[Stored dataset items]

- Opening Delimiter -

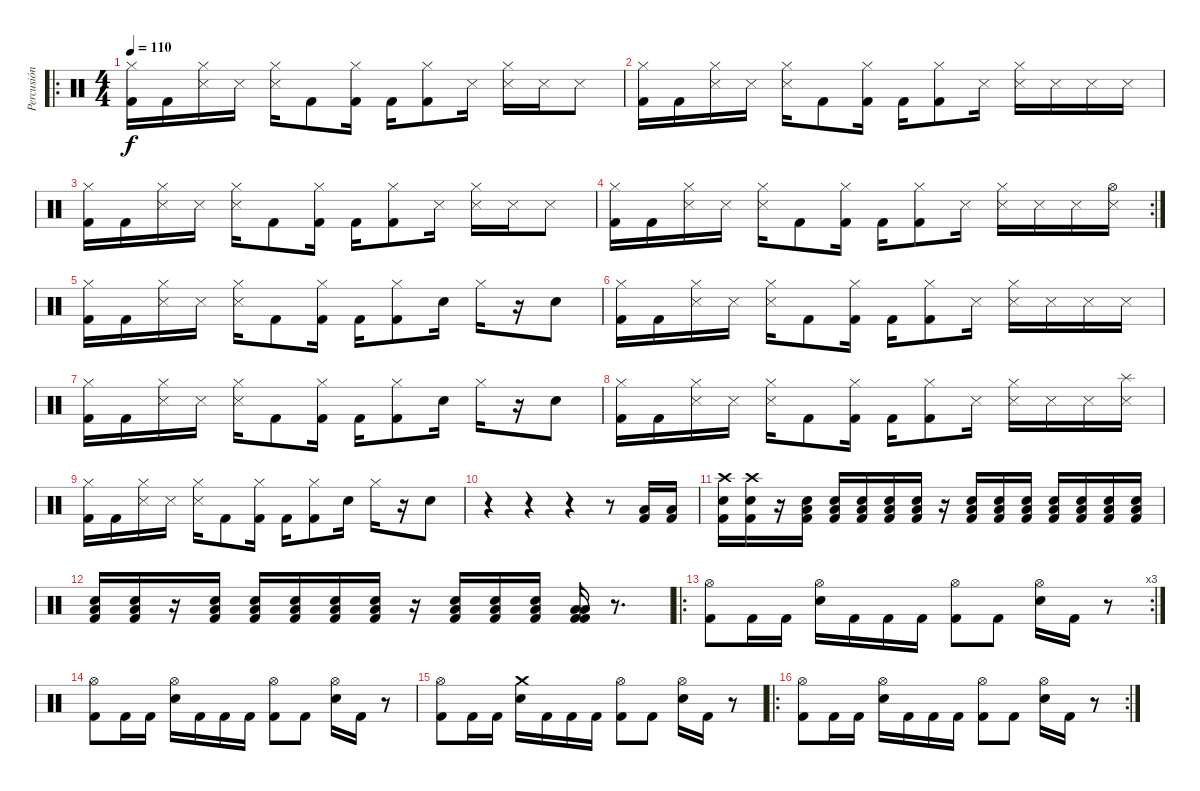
\track ("Percusión" "Percusión") {instrument percussion}
\staff {score}
\articulation defaults
\ro
\ts (4 4)
\tempo 110
\clef neutral
\ks c
("Hi-Hat (closed)" "Kick (hit) 2").16{dy f} "Kick (hit) 2".16 ("Hi-Hat (closed)" "Metronome (hit)").16 "Metronome (hit)".16 ("Hi-Hat (closed)" "Metronome (hit)").16 "Kick (hit) 2".8 ("Hi-Hat (closed)" "Kick (hit) 2").16 "Kick (hit) 2".16 ("Hi-Hat (closed)" "Kick (hit) 2").8 "Metronome (hit)".16 ("Hi-Hat (closed)" "Metronome (hit)").16 "Metronome (hit)".16 "Metronome (hit)".8 |
("Hi-Hat (closed)" "Kick (hit) 2").16 "Kick (hit) 2".16 ("Hi-Hat (closed)" "Metronome (hit)").16 "Metronome (hit)".16 ("Hi-Hat (closed)" "Metronome (hit)").16 "Kick (hit) 2".8 ("Hi-Hat (closed)" "Kick (hit) 2").16 "Kick (hit) 2".16 ("Hi-Hat (closed)" "Kick (hit) 2").8 "Metronome (hit)".16 ("Hi-Hat (closed)" "Metronome (hit)").16 "Metronome (hit)".16 "Metronome (hit)".16 "Metronome (hit)".16 |
("Hi-Hat (closed)" "Kick (hit) 2").16 "Kick (hit) 2".16 ("Hi-Hat (closed)" "Metronome (hit)").16 "Metronome (hit)".16 ("Hi-Hat (closed)" "Metronome (hit)").16 "Kick (hit) 2".8 ("Hi-Hat (closed)" "Kick (hit) 2").16 "Kick (hit) 2".16 ("Hi-Hat (closed)" "Kick (hit) 2").8 "Metronome (hit)".16 ("Hi-Hat (closed)" "Metronome (hit)").16 "Metronome (hit)".16 "Metronome (hit)".8 |
\rc 2
("Hi-Hat (closed)" "Kick (hit) 2").16 "Kick (hit) 2".16 ("Hi-Hat (closed)" "Metronome (hit)").16 "Metronome (hit)".16 ("Hi-Hat (closed)" "Metronome (hit)").16 "Kick (hit) 2".8 ("Hi-Hat (closed)" "Kick (hit) 2").16 "Kick (hit) 2".16 ("Hi-Hat (closed)" "Kick (hit) 2").8 "Metronome (hit)".16 ("Hi-Hat (closed)" "Metronome (hit)").16 "Metronome (hit)".16 "Metronome (hit)".16 ("Hi-Hat (open)" "Metronome (hit)").16 |
("Hi-Hat (closed)" "Kick (hit) 2").16 "Kick (hit) 2".16 ("Hi-Hat (closed)" "Metronome (hit)").16 "Metronome (hit)".16 ("Hi-Hat (closed)" "Metronome (hit)").16 "Kick (hit) 2".8 ("Hi-Hat (closed)" "Kick (hit) 2").16 "Kick (hit) 2".16 ("Hi-Hat (closed)" "Kick (hit) 2").8 "Electric Snare (hit)".16 "Hi-Hat (closed)".16 r.16 "Electric Snare (hit)".8 |
("Hi-Hat (closed)" "Kick (hit) 2").16 "Kick (hit) 2".16 ("Hi-Hat (closed)" "Metronome (hit)").16 "Metronome (hit)".16 ("Hi-Hat (closed)" "Metronome (hit)").16 "Kick (hit) 2".8 ("Hi-Hat (closed)" "Kick (hit) 2").16 "Kick (hit) 2".16 ("Hi-Hat (closed)" "Kick (hit) 2").8 "Metronome (hit)".16 ("Hi-Hat (closed)" "Metronome (hit)").16 "Metronome (hit)".16 "Metronome (hit)".16 "Metronome (hit)".16 |
("Hi-Hat (closed)" "Kick (hit) 2").16 "Kick (hit) 2".16 ("Hi-Hat (closed)" "Metronome (hit)").16 "Metronome (hit)".16 ("Hi-Hat (closed)" "Metronome (hit)").16 "Kick (hit) 2".8 ("Hi-Hat (closed)" "Kick (hit) 2").16 "Kick (hit) 2".16 ("Hi-Hat (closed)" "Kick (hit) 2").8 "Electric Snare (hit)".16 "Hi-Hat (closed)".16 r.16 "Electric Snare (hit)".8 |
("Hi-Hat (closed)" "Kick (hit) 2").16 "Kick (hit) 2".16 ("Hi-Hat (closed)" "Metronome (hit)").16 "Metronome (hit)".16 ("Hi-Hat (closed)" "Metronome (hit)").16 "Kick (hit) 2".8 ("Hi-Hat (closed)" "Kick (hit) 2").16 "Kick (hit) 2".16 ("Hi-Hat (closed)" "Kick (hit) 2").8 "Metronome (hit)".16 ("Hi-Hat (closed)" "Metronome (hit)").16 "Metronome (hit)".16 "Metronome (hit)".16 ("Splash (hit)" "Metronome (hit)").16 |
("Hi-Hat (closed)" "Kick (hit) 2").16 "Kick (hit) 2".16 ("Hi-Hat (closed)" "Metronome (hit)").16 "Metronome (hit)".16 ("Hi-Hat (closed)" "Metronome (hit)").16 "Kick (hit) 2".8 ("Hi-Hat (closed)" "Kick (hit) 2").16 "Kick (hit) 2".16 ("Hi-Hat (closed)" "Kick (hit) 2").8 "Electric Snare (hit)".16 "Hi-Hat (closed)".16 r.16 "Electric Snare (hit)".8 |
r.4 r.4 r.4 r.8 ("Low Floor Tom (hit)" "Kick (hit) 2").16 ("Low Floor Tom (hit)" "Kick (hit) 2").16 |
("Crash high (hit)" "Kick (hit) 2" "Electric Snare (hit)").16 ("Crash high (hit)" "Kick (hit) 2" "Electric Snare (hit)").16 r.16 ("Low Tom (hit)" "Kick (hit) 2" "Electric Snare (hit)").16 ("Low Tom (hit)" "Kick (hit) 2" "Electric Snare (hit)").16 ("Low Tom (hit)" "Kick (hit) 2" "Electric Snare (hit)").16 ("Low Tom (hit)" "Kick (hit) 2" "Electric Snare (hit)").16 ("Low Tom (hit)" "Kick (hit) 2" "Electric Snare (hit)").16 r.16 ("Low Tom (hit)" "Kick (hit) 2" "Electric Snare (hit)").16 ("Low Tom (hit)" "Kick (hit) 2" "Electric Snare (hit)").16 ("Low Tom (hit)" "Kick (hit) 2" "Electric Snare (hit)").16 ("Low Tom (hit)" "Kick (hit) 2" "Electric Snare (hit)").16 ("Low Tom (hit)" "Kick (hit) 2" "Electric Snare (hit)").16 ("Low Tom (hit)" "Kick (hit) 2" "Electric Snare (hit)").16 ("Low Tom (hit)" "Kick (hit) 2" "Electric Snare (hit)").16 |
("Low Tom (hit)" "Kick (hit) 2" "Electric Snare (hit)").16 ("Low Tom (hit)" "Kick (hit) 2" "Electric Snare (hit)").16 r.16 ("Low Tom (hit)" "Kick (hit) 2" "Electric Snare (hit)").16 ("Low Tom (hit)" "Kick (hit) 2" "Electric Snare (hit)").16 ("Low Tom (hit)" "Kick (hit) 2" "Electric Snare (hit)").16 ("Low Tom (hit)" "Kick (hit) 2" "Electric Snare (hit)").16 ("Low Tom (hit)" "Kick (hit) 2" "Electric Snare (hit)").16 r.16 ("Low Tom (hit)" "Kick (hit) 2" "Electric Snare (hit)").16 ("Low Tom (hit)" "Kick (hit) 2" "Electric Snare (hit)").16 ("Low Tom (hit)" "Kick (hit) 2" "Electric Snare (hit)").16 ("Low Floor Tom (hit)" "Low Floor Tom (hit)" "Kick (hit) 2" "Kick (hit) 2").16 r.8{d} |
\ro
\rc 3
("Hi-Hat (open)" "Kick (hit) 2").8 "Kick (hit) 2".16 "Kick (hit) 2".16 ("Hi-Hat (open)" "Electric Snare (hit)").16 "Kick (hit) 2".16 "Kick (hit) 2".16 "Kick (hit) 2".16 ("Hi-Hat (open)" "Kick (hit) 2").8 "Kick (hit) 2".8 ("Hi-Hat (open)" "Electric Snare (hit)").16 "Kick (hit) 2".16 r.8 |
("Hi-Hat (open)" "Kick (hit) 2").8 "Kick (hit) 2".16 "Kick (hit) 2".16 ("Hi-Hat (open)" "Electric Snare (hit)").16 "Kick (hit) 2".16 "Kick (hit) 2".16 "Kick (hit) 2".16 ("Hi-Hat (open)" "Kick (hit) 2").8 "Kick (hit) 2".8 ("Hi-Hat (open)" "Electric Snare (hit)").16 "Kick (hit) 2".16 r.8 |
("Hi-Hat (open)" "Kick (hit) 2").8 "Kick (hit) 2".16 "Kick (hit) 2".16 ("Crash medium (hit)" "Electric Snare (hit)").16 "Kick (hit) 2".16 "Kick (hit) 2".16 "Kick (hit) 2".16 ("Hi-Hat (open)" "Kick (hit) 2").8 "Kick (hit) 2".8 ("Hi-Hat (open)" "Electric Snare (hit)").16 "Kick (hit) 2".16 r.8 |
\ro
\rc 2
("Hi-Hat (open)" "Kick (hit) 2").8 "Kick (hit) 2".16 "Kick (hit) 2".16 ("Hi-Hat (open)" "Electric Snare (hit)").16 "Kick (hit) 2".16 "Kick (hit) 2".16 "Kick (hit) 2".16 ("Hi-Hat (open)" "Kick (hit) 2").8 "Kick (hit) 2".8 ("Hi-Hat (open)" "Electric Snare (hit)").16 "Kick (hit) 2".16 r.8
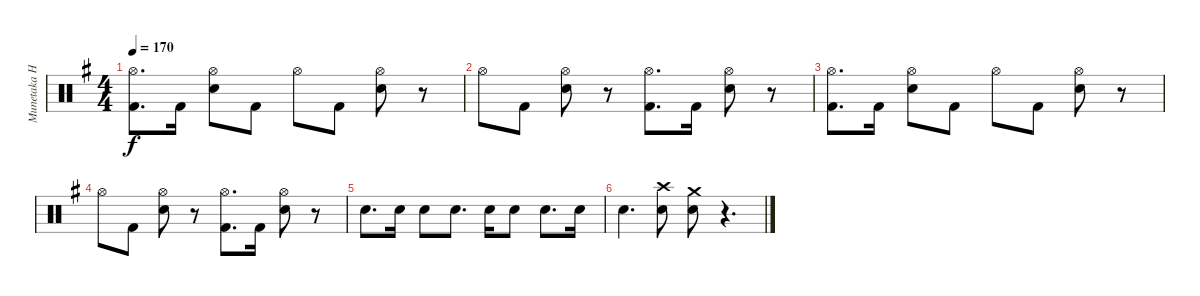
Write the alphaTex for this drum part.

\track ("Munetaka Higuchi" "Munetaka H") {instrument percussion}
\staff {score}
\articulation defaults
\ts (4 4)
\tempo 170
\clef neutral
\ks eminor
("Hi-Hat (open)" "Kick (hit) 2").8{d dy f} "Kick (hit) 2".16 ("Hi-Hat (open)" "Electric Snare (hit)").8 "Kick (hit) 2".8 "Hi-Hat (open)".8 "Kick (hit) 2".8 ("Hi-Hat (open)" "Electric Snare (hit)").8 r.8 |
"Hi-Hat (open)".8 "Kick (hit) 2".8 ("Hi-Hat (open)" "Electric Snare (hit)").8 r.8 ("Hi-Hat (open)" "Kick (hit) 2").8{d} "Kick (hit) 2".16 ("Hi-Hat (open)" "Electric Snare (hit)").8 r.8 |
("Hi-Hat (open)" "Kick (hit) 2").8{d} "Kick (hit) 2".16 ("Hi-Hat (open)" "Electric Snare (hit)").8 "Kick (hit) 2".8 "Hi-Hat (open)".8 "Kick (hit) 2".8 ("Hi-Hat (open)" "Electric Snare (hit)").8 r.8 |
"Hi-Hat (open)".8 "Kick (hit) 2".8 ("Hi-Hat (open)" "Electric Snare (hit)").8 r.8 ("Hi-Hat (open)" "Kick (hit) 2").8{d} "Kick (hit) 2".16 ("Hi-Hat (open)" "Electric Snare (hit)").8 r.8 |
"Electric Snare (hit)".8{d} "Electric Snare (hit)".16 "Electric Snare (hit)".8 "Electric Snare (hit)".8{d} "Electric Snare (hit)".16 "Electric Snare (hit)".8 "Electric Snare (hit)".8{d} "Electric Snare (hit)".16 |
"Electric Snare (hit)".4{d} ("Crash high (hit)" "Electric Snare (hit)").8 ("Crash medium (hit)" "Electric Snare (hit)").8 r.4{d}

- Closing Delimiter -

Task description
Whenever the word "instrument" shows up in a line of the entries above, copy that line.

Solution to this problem
\track ("Percusión" "Percusión") {instrument percussion}
\track ("Munetaka Higuchi" "Munetaka H") {instrument percussion}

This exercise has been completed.